- AIM OF THE EXERCISE -
Write out the stretch of lines below that begins at the line with "- toy motorcycle at [457, 325, 513, 381]" and ends at the line with "- toy car at [24, 26, 203, 183]", including both, exactly as given and nothing more.

+ + + + + + +

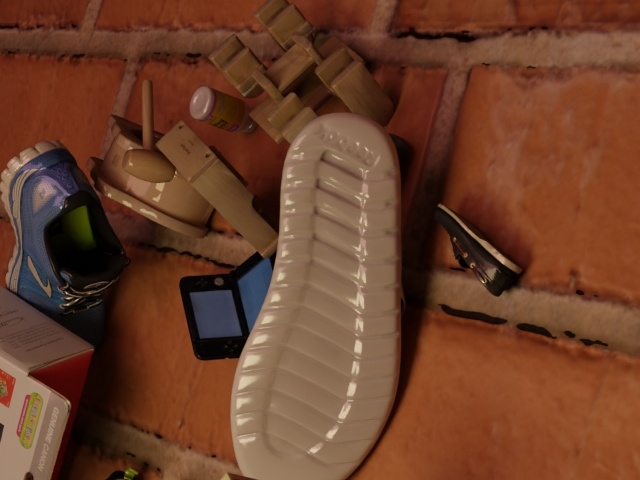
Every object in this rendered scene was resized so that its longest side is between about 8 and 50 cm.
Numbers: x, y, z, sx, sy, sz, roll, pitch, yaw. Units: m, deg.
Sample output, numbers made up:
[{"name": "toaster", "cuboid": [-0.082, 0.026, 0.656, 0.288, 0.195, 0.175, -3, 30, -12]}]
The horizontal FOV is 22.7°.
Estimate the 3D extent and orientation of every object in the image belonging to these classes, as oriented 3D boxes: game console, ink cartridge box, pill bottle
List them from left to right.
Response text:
[{"name": "ink cartridge box", "cuboid": [-0.408, 0.248, 2.021, 0.272, 0.130, 0.309, 30, 116, 24]}, {"name": "pill bottle", "cuboid": [-0.118, -0.160, 1.981, 0.043, 0.083, 0.043, -23, 59, 44]}, {"name": "game console", "cuboid": [-0.102, 0.071, 1.881, 0.071, 0.107, 0.122, 107, 154, -48]}]

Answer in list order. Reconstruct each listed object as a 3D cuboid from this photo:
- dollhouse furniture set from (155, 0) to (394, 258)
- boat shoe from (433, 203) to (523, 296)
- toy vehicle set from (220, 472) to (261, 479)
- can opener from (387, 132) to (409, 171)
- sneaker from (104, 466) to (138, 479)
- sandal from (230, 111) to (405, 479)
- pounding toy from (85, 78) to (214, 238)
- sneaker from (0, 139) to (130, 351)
[{"name": "dollhouse furniture set", "cuboid": [-0.042, -0.128, 1.871, 0.242, 0.161, 0.212, -43, 42, 0]}, {"name": "boat shoe", "cuboid": [0.151, 0.007, 1.615, 0.042, 0.049, 0.133, -52, 46, 11]}, {"name": "toy vehicle set", "cuboid": [0.036, 0.304, 1.457, 0.035, 0.267, 0.166, -55, 40, 18]}, {"name": "can opener", "cuboid": [0.000, 0.000, 1.780, 0.095, 0.076, 0.283, 31, 98, 55]}, {"name": "sneaker", "cuboid": [-0.285, 0.375, 1.991, 0.235, 0.084, 0.097, -50, 14, 26]}, {"name": "sandal", "cuboid": [0.015, 0.073, 1.693, 0.102, 0.169, 0.416, -37, -40, -80]}, {"name": "pounding toy", "cuboid": [-0.189, -0.107, 2.010, 0.155, 0.154, 0.269, -63, 19, 8]}, {"name": "sneaker", "cuboid": [-0.321, 0.039, 2.021, 0.147, 0.130, 0.330, 44, 150, 37]}]
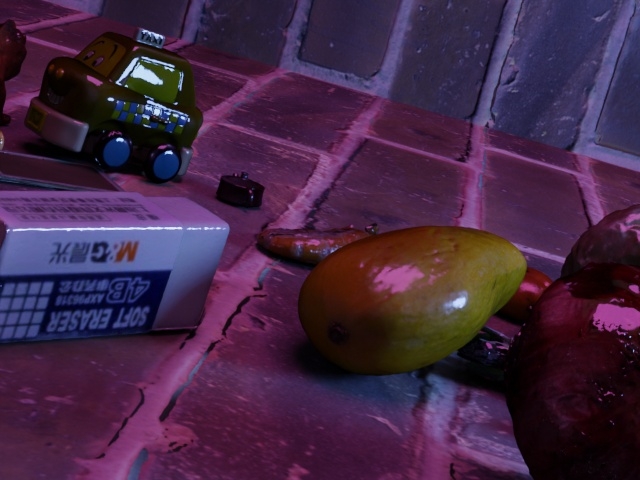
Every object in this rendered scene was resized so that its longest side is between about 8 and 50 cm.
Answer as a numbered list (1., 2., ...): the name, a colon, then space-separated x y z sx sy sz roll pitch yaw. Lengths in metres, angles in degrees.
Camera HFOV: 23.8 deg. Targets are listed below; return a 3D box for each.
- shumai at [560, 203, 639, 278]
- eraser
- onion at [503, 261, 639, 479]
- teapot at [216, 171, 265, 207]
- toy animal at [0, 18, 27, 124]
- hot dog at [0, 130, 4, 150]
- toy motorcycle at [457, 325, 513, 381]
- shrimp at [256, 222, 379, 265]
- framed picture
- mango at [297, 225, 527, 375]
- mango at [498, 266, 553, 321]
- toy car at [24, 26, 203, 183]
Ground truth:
1. shumai: 0.459 0.122 1.813 0.346 0.217 0.283 24 37 -38
2. eraser: -0.225 0.023 1.449 0.086 0.130 0.287 28 17 36
3. onion: 0.285 0.137 1.312 0.252 0.252 0.219 3 -25 -43
4. teapot: -0.112 -0.075 2.165 0.068 0.045 0.100 9 14 -21
5. toy animal: -0.500 -0.238 2.155 0.097 0.157 0.312 17 12 9
6. hot dog: -0.474 -0.143 1.990 0.071 0.045 0.165 -31 40 -31
7. toy motorcycle: 0.241 0.138 1.646 0.190 0.074 0.106 17 4 11
8. shrimp: 0.001 -0.003 1.985 0.188 0.051 0.132 2 19 -36
9. framed picture: -0.361 -0.090 2.016 0.183 0.011 0.142 8 15 -30
10. mango: 0.093 0.056 1.616 0.195 0.142 0.332 -4 7 24
11. mango: 0.253 0.067 1.967 0.080 0.060 0.114 -10 26 -26
12. toy car: -0.281 -0.209 2.171 0.248 0.198 0.204 12 13 -39
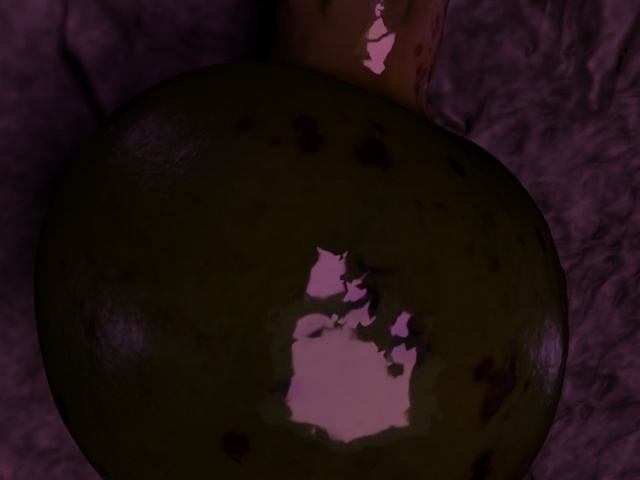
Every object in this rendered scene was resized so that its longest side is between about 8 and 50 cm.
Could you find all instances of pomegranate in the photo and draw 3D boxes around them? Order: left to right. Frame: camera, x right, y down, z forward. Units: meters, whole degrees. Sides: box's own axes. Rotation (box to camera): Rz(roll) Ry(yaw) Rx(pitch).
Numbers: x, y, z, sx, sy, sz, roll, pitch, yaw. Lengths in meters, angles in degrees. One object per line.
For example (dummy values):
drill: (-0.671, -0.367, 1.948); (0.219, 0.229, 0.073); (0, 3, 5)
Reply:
pomegranate: (0.000, 0.000, 0.495); (0.202, 0.202, 0.248); (20, 82, -37)
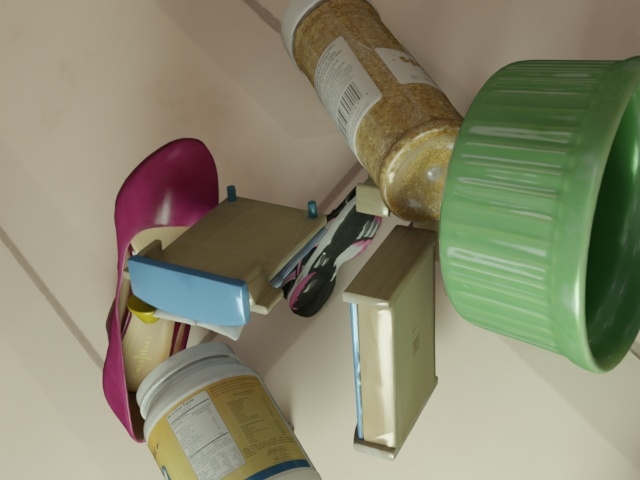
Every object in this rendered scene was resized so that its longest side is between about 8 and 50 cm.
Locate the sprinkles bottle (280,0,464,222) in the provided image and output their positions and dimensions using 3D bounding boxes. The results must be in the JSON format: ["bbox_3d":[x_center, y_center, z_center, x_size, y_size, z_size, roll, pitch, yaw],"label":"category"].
[{"bbox_3d":[0.061,-0.167,1.094,0.121,0.121,0.355,-41,42,12],"label":"sprinkles bottle"}]

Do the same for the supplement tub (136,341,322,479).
[{"bbox_3d":[-0.102,0.224,1.055,0.144,0.144,0.199,-42,60,12],"label":"supplement tub"}]

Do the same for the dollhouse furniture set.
[{"bbox_3d":[-0.018,0.058,1.086,0.303,0.286,0.198,11,123,23],"label":"dollhouse furniture set"}]

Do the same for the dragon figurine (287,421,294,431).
[{"bbox_3d":[-0.118,0.282,1.175,0.144,0.085,0.289,-2,74,27],"label":"dragon figurine"}]

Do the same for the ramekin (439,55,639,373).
[{"bbox_3d":[0.238,-0.034,0.956,0.148,0.303,0.303,12,85,31],"label":"ramekin"}]

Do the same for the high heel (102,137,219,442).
[{"bbox_3d":[-0.179,0.065,1.146,0.377,0.127,0.181,110,150,-42],"label":"high heel"}]

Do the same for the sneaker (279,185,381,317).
[{"bbox_3d":[0.000,0.000,1.191,0.077,0.072,0.178,38,91,38],"label":"sneaker"}]
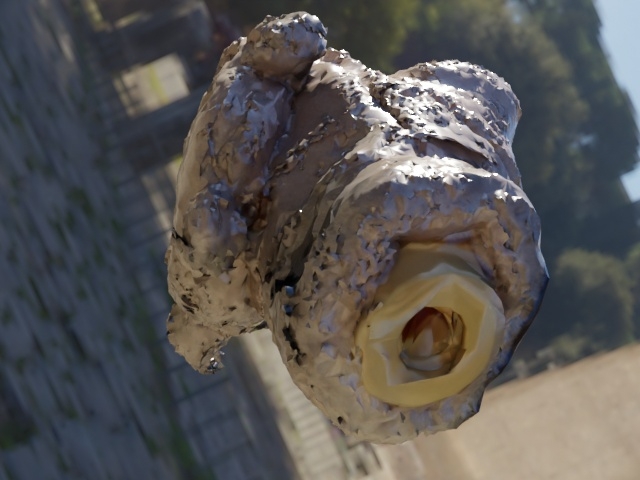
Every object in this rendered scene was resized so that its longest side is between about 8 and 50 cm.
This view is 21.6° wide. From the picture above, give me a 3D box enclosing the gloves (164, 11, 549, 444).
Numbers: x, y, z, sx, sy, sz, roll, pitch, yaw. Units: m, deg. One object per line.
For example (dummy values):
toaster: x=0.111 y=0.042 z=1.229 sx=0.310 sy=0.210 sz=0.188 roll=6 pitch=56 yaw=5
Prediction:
gloves: x=0.005 y=-0.006 z=0.467 sx=0.094 sy=0.110 sz=0.144 roll=18 pitch=-2 yaw=-26
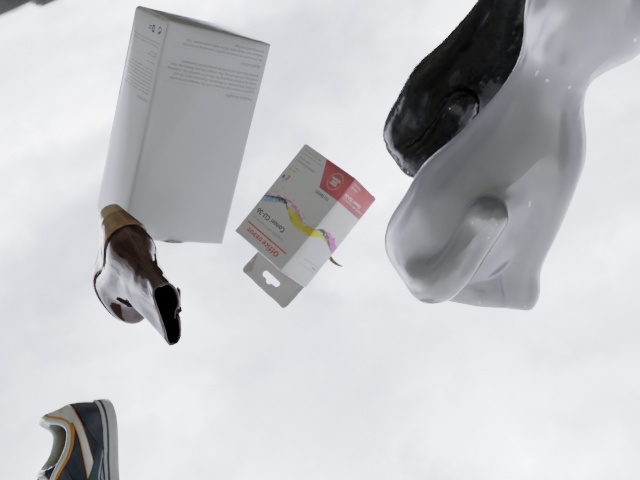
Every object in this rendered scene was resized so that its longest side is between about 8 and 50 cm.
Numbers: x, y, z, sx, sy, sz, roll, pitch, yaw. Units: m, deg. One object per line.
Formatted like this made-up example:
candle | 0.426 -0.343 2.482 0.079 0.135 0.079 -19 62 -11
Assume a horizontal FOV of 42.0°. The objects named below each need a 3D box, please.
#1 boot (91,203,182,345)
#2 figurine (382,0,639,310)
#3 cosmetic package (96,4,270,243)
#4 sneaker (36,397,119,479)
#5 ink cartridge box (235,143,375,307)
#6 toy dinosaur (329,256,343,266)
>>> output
boot | -0.266 0.088 1.228 0.090 0.248 0.207 -22 -131 -23
figurine | 0.107 -0.096 0.457 0.092 0.209 0.215 15 -147 -6
cosmetic package | -0.239 -0.188 1.422 0.197 0.365 0.155 6 -160 -36
sneaker | -0.393 0.426 1.362 0.127 0.321 0.126 0 161 -37
ink cartridge box | -0.034 -0.019 1.143 0.198 0.067 0.115 -52 -130 0
toy dinosaur | 0.000 0.000 1.860 0.092 0.053 0.183 -42 -143 33
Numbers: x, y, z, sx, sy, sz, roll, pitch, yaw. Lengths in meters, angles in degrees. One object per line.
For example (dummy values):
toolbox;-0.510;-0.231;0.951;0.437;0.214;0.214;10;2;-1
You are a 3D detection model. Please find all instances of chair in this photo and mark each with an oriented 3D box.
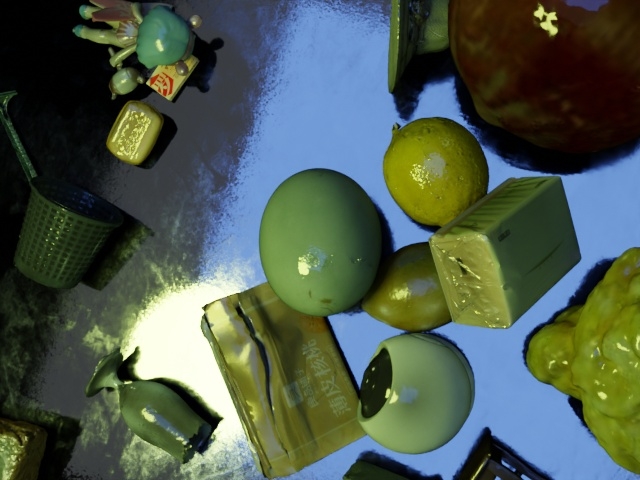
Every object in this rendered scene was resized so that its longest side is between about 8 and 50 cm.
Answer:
chair;0.218;0.395;1.442;0.319;0.160;0.186;33;97;10

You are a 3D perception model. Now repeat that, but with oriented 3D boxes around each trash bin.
trash bin;-0.459;-0.004;1.591;0.175;0.175;0.161;27;101;11

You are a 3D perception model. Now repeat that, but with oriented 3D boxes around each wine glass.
wine glass;-0.299;0.292;1.566;0.222;0.103;0.103;34;92;10

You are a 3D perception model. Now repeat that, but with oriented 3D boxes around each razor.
razor;-0.571;-0.189;1.687;0.066;0.033;0.190;-22;84;-35

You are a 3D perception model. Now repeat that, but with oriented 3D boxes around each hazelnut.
hazelnut;0.400;-0.334;1.370;0.420;0.353;0.421;-2;107;-8

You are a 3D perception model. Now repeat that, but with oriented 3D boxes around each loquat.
loquat;0.161;0.077;1.476;0.195;0.152;0.152;-27;82;11

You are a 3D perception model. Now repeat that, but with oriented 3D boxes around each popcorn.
popcorn;0.505;0.205;1.349;0.292;0.293;0.334;-36;65;4

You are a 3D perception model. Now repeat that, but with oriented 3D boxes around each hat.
hat;0.172;-0.364;1.473;0.110;0.252;0.252;2;86;1

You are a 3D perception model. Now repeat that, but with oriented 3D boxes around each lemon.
lemon;0.192;-0.110;1.474;0.173;0.173;0.206;-22;83;7

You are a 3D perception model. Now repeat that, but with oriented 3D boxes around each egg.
egg;0.000;0.000;1.463;0.203;0.203;0.283;-14;40;8

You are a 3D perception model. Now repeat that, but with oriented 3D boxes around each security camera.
security camera;0.153;0.244;1.423;0.194;0.236;0.195;0;88;9

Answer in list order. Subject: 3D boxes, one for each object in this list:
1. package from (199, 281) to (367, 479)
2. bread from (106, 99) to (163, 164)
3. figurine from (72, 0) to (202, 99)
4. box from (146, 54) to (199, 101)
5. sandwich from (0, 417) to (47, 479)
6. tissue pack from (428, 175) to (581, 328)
package;-0.078;0.227;1.499;0.221;0.165;0.311;-24;83;7
bread;-0.336;-0.199;1.630;0.082;0.056;0.115;24;102;-7
figurine;-0.347;-0.358;1.618;0.260;0.103;0.205;18;85;23
box;-0.273;-0.310;1.648;0.058;0.015;0.093;36;91;13
sandwich;-0.653;0.462;1.596;0.262;0.131;0.325;13;89;9
tissue pack;0.292;0.015;1.393;0.125;0.234;0.159;-1;114;47

+ + + + + + +

- RESULT FOR THIS TASK -
- toy motorcycle at [457, 325, 513, 381]
- shrimp at [256, 222, 379, 265]
- framed picture
- mango at [297, 225, 527, 375]
- mango at [498, 266, 553, 321]
- toy car at [24, 26, 203, 183]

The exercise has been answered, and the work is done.